Problem to solve: Examine the data below and state how many lines contain "used", offering no other words.

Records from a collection

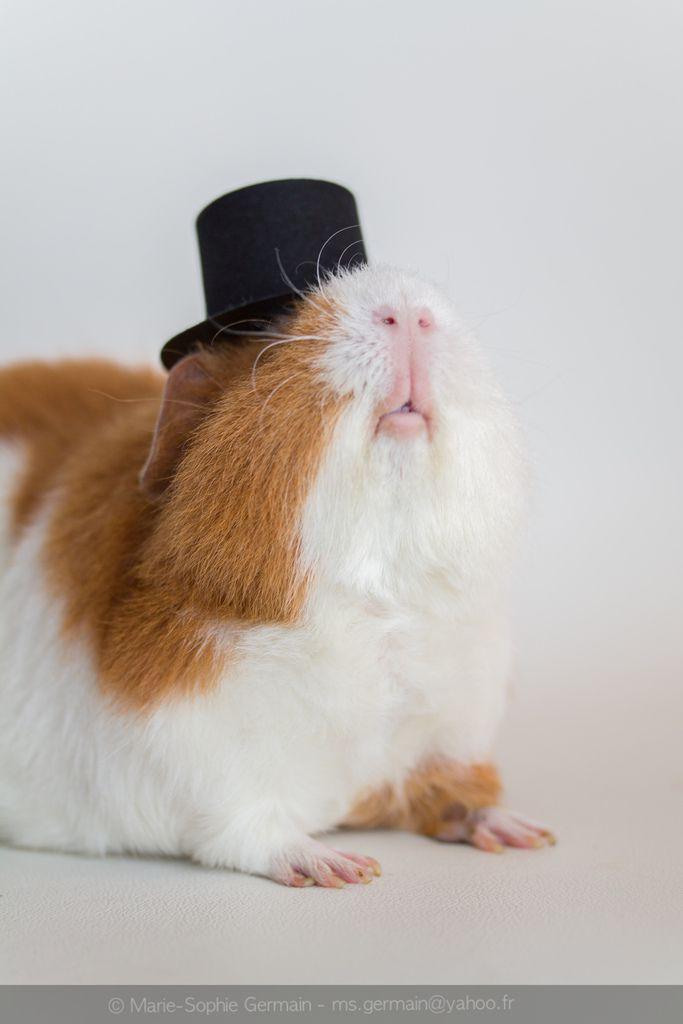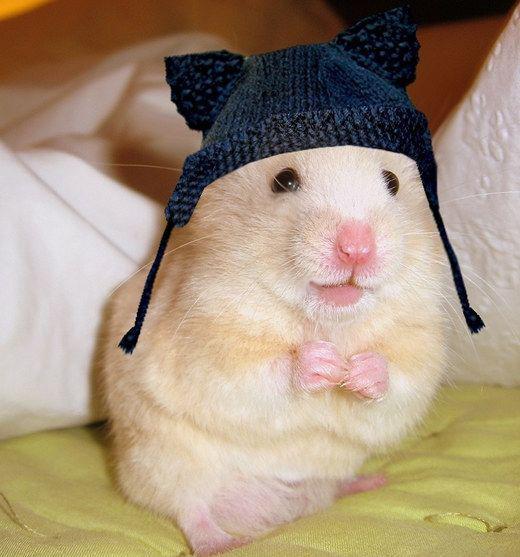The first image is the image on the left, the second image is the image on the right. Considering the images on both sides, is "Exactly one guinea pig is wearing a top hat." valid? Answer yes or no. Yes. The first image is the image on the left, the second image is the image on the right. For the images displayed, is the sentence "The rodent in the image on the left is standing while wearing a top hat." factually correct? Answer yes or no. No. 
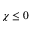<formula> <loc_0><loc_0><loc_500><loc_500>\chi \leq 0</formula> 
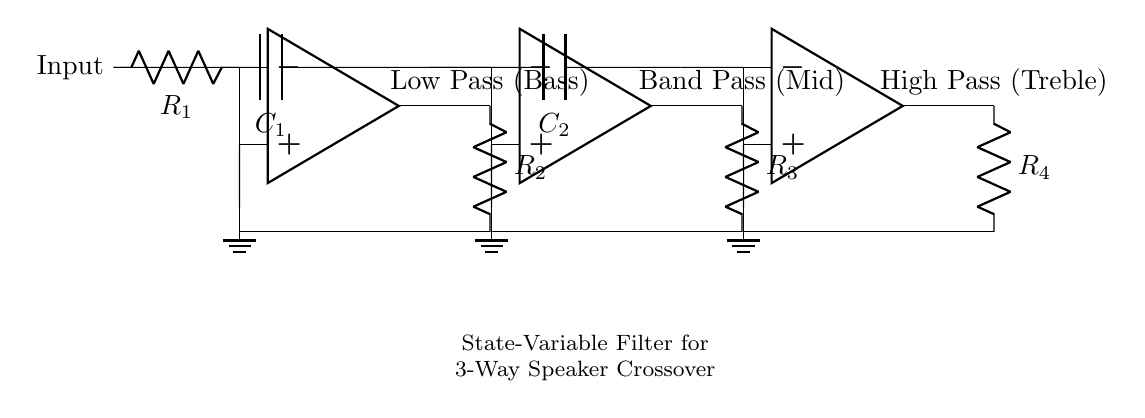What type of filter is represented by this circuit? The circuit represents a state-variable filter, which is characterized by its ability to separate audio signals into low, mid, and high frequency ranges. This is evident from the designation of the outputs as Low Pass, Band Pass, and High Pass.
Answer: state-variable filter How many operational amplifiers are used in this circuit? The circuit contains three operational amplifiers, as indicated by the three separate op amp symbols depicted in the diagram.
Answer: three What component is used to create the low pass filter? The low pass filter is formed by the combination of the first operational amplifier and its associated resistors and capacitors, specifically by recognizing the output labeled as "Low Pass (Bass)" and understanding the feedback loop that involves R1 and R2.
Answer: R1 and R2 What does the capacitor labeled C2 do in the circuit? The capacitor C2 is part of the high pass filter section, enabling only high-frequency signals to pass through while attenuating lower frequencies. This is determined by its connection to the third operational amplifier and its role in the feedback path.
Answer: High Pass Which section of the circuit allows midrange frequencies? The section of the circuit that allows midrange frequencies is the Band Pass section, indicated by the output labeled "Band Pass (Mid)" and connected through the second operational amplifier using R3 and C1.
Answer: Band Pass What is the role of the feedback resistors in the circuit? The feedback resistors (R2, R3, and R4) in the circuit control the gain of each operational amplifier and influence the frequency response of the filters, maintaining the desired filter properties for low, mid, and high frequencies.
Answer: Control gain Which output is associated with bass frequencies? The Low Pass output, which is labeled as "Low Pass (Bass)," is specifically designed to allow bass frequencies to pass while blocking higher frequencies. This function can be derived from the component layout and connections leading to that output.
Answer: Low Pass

Response: 2